Sanchez vs COA, GR No.
127545, April 23, 2008
Facts:
The case "Sanchez v. Commission on Audit" involves petitioners Andres Sanchez,
Leonardo D. Regala, Rafael D. Barata, Norma Agbayani, and Cesar N. Sarino.
The petitioners contested a decision by the Commission on Audit (COA) disallowing the
transfer of P600,000.00 from the Department of Interior and Local Government (DILG)
to the Office of the President (OP).
The funds were originally appropriated for the DILG's Capability Building Program
under Republic Act No. 7180 (R.A. 7180), the General Appropriations Act of 1992.
The transfer was intended to cover the operational expenses of an ad hoc task force
created to implement local autonomy under the Local Government Code of 1991.
COA disallowed the transfer due to the absence of a legal basis for the task force to claim
payment through the DILG, non-compliance with the special provisions of R.A. 7180,
and lack of proper liquidation of the cash advances.
Petitioners argued that the transfer was for a public purpose and within the executive
branch's authority.
COA maintained that the transfer violated the law and held the petitioners jointly and
severally liable for the disallowed amount.
Issue:
1. Is there a legal basis for the transfer of funds from the DILG's Capability Building
Program Fund to the Office of the President?
2. Were the conditions or requisites for the transfer of funds under the applicable law
present in this case?
3. Is the Capability Building Program Fund a trust fund, a special fund, a trust receipt, or a
regular appropriation?
4. Is the disallowance by the Commission on Audit valid?
Ruling:
The Supreme Court dismissed the petition and affirmed the COA's decision.
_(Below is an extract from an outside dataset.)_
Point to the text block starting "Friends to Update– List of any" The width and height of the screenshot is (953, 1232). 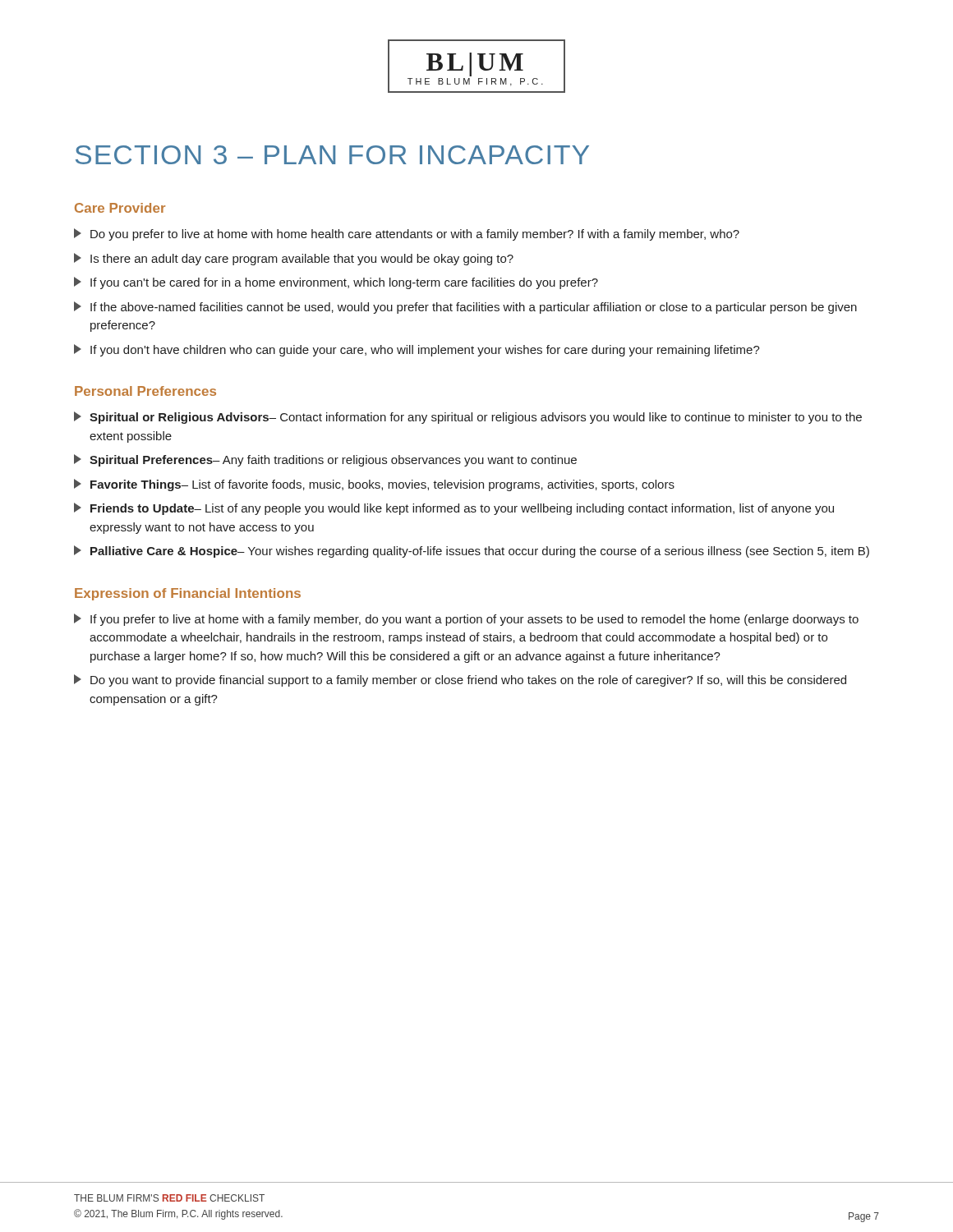pyautogui.click(x=476, y=518)

It ruled that there was no legal basis for the transfer of funds from the DILG to the Office
of the President.
The Court found that the conditions for a valid transfer of funds under the applicable law
were not met, as there were no actual savings from which the funds could be transferred,
and there was no item in the Office of the President's appropriation that needed
augmentation.
The Court also held that the Capability Building Program Fund is a regular appropriation
with specific purposes.
The disallowance by the COA was valid.
Ratio:
The Court emphasized that the power to transfer savings under Section 25(5), Article VI
of the 1987 Constitution pertains exclusively to the President, the President of the Senate,
the Speaker of the House of Representatives, the Chief Justice of the Supreme Court, and
the heads of Constitutional Commissions.
In this case, the transfer was initiated by the Deputy Executive Secretary, not the
President, and there was no evidence that the President authorized the transfer.
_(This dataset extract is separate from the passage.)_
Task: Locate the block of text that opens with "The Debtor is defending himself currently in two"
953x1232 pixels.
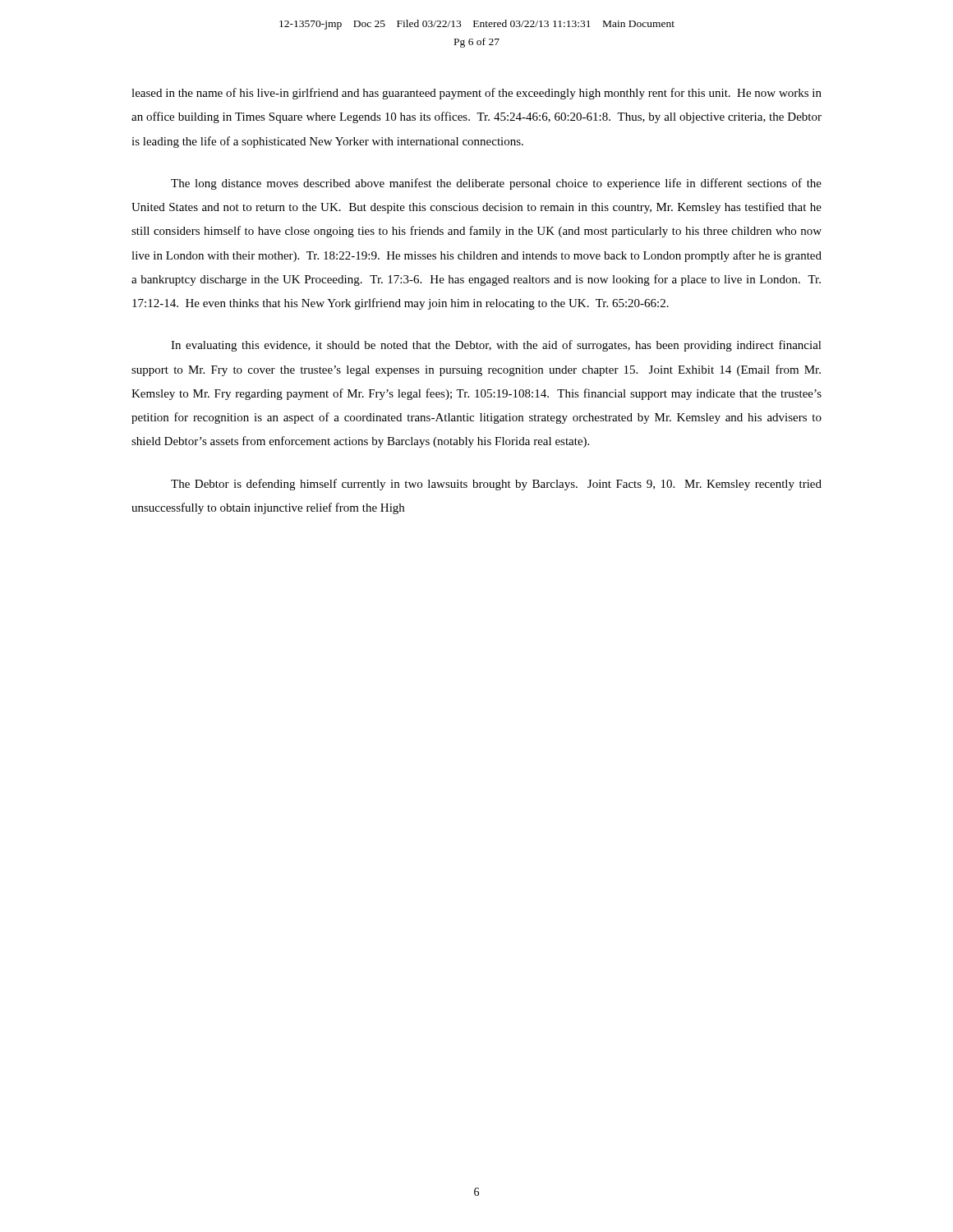Action: point(476,496)

The Court highlighted that there were no actual savings from the DILG's Capability
Building Program Fund at the time of the transfer, as the funds were transferred at the
beginning of the budget year 1992.
The transferred funds were not used in accordance with the specific purposes laid down
by the Special Provisions of R.A. 7180.
The funds were spent on salaries, office supplies, and other expenses unrelated to the
Capability Building Program.
The Court upheld the COA's authority to determine and disallow irregular, unnecessary,
excessive, extravagant, or unconscionable expenditures of government funds.
The COA's findings were not tainted with unfairness or arbitrariness, and the petitioners
failed to prove that the COA acted with grave abuse of discretion.